Ah, Janzen, you old traitor, you. I hope you realize that you have done a very bad thing. Go ahead, give your precious soil and seeds to Mr. Laplace. Janzen looked over at Laplace, who lounged comfortably on a black Laz-E-Boy next to a steam vent. He clambered his way onto the roof and strode silently over to Laplace, who handed him his bottle of vodka water and a shoe.
“You know what to do,” said Laplace. He stood up, stretched and whipped his tail about lazily, and walked over to the Man. “Why do you have to stop me?” Because you are trying to do my job. “I do own one-third of your company. The stockholders tend to listen me alot more than they listen you, anyway. They need a… change of leadership. Its inevitable.” No they don’t. I know exactly what they need. With this, the Man caused Laplace’s head to be crushed like a jar of chunky salsa in a washing machine.
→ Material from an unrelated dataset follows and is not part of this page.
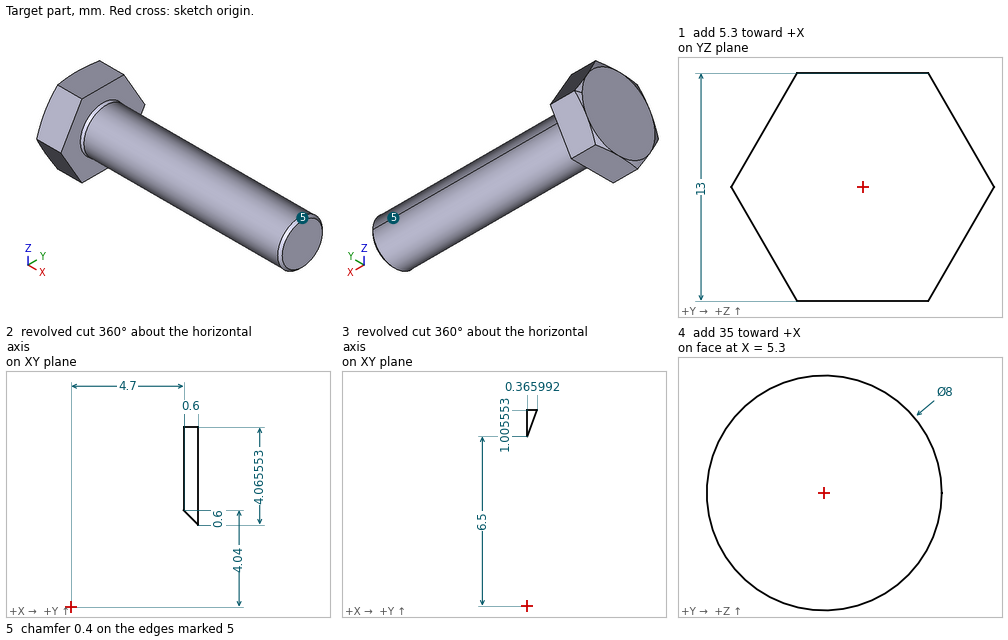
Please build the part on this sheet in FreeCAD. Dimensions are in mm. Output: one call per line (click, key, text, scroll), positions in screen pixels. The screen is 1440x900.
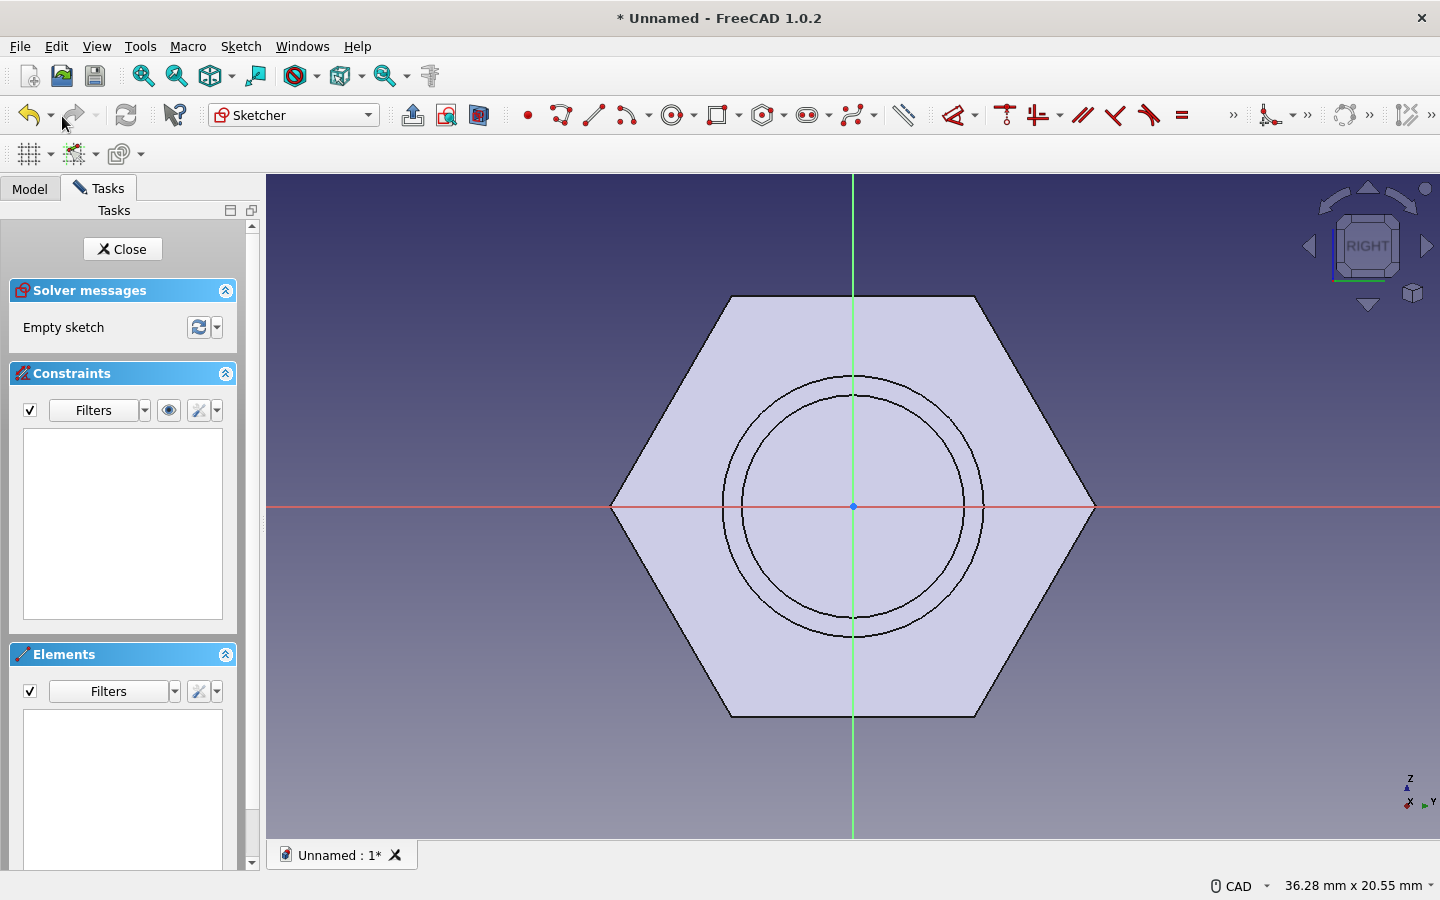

Janzen poured the remaining soil into the shoe, noting that Laplace had already placed a lump out fresh meat inside as fertilizer. Stop what you are doing. He depressed his thumb into the soil and ripped open the package of seeds which had been his precious cargo for so long. I command you!! Stop! He placed one of the largish seeds inside the thumb-hole and carefully spread the soil over with the miniature rake he always carried with him.
The Man instantly became extraordinarily livid. He ran towards Janzen, his bunny slippers slipping on the gravel, but arrived too late. Janzen pitched the shoe over the side of the building, and then activated the thermal detonator which was sitting in the middle of a tasteful flower arrangement on Laplace’s coffee table. No!!!!! The detonator went off, completely vaporizing everything within a 30-foot radius.
The shoe landed on the top of a Ryder truck, filled with rudely decorated beach balls, on its way to Mexico. The truck had an unfortunate encounter with a herd of caribou five miles south of Tiajuana, and the force of the impact was sufficient to knock the shoe off the truck and into a shallow ditch by the side of the road. There it sits, undisturbed, in the bright Mexican sunlight, absorbing strength from a life-giving ball of hydrogen and helium which lies 98 million miles away. From the shoe, tender shoots of a new plant reach heavenward, growing more exquisite with each passing day.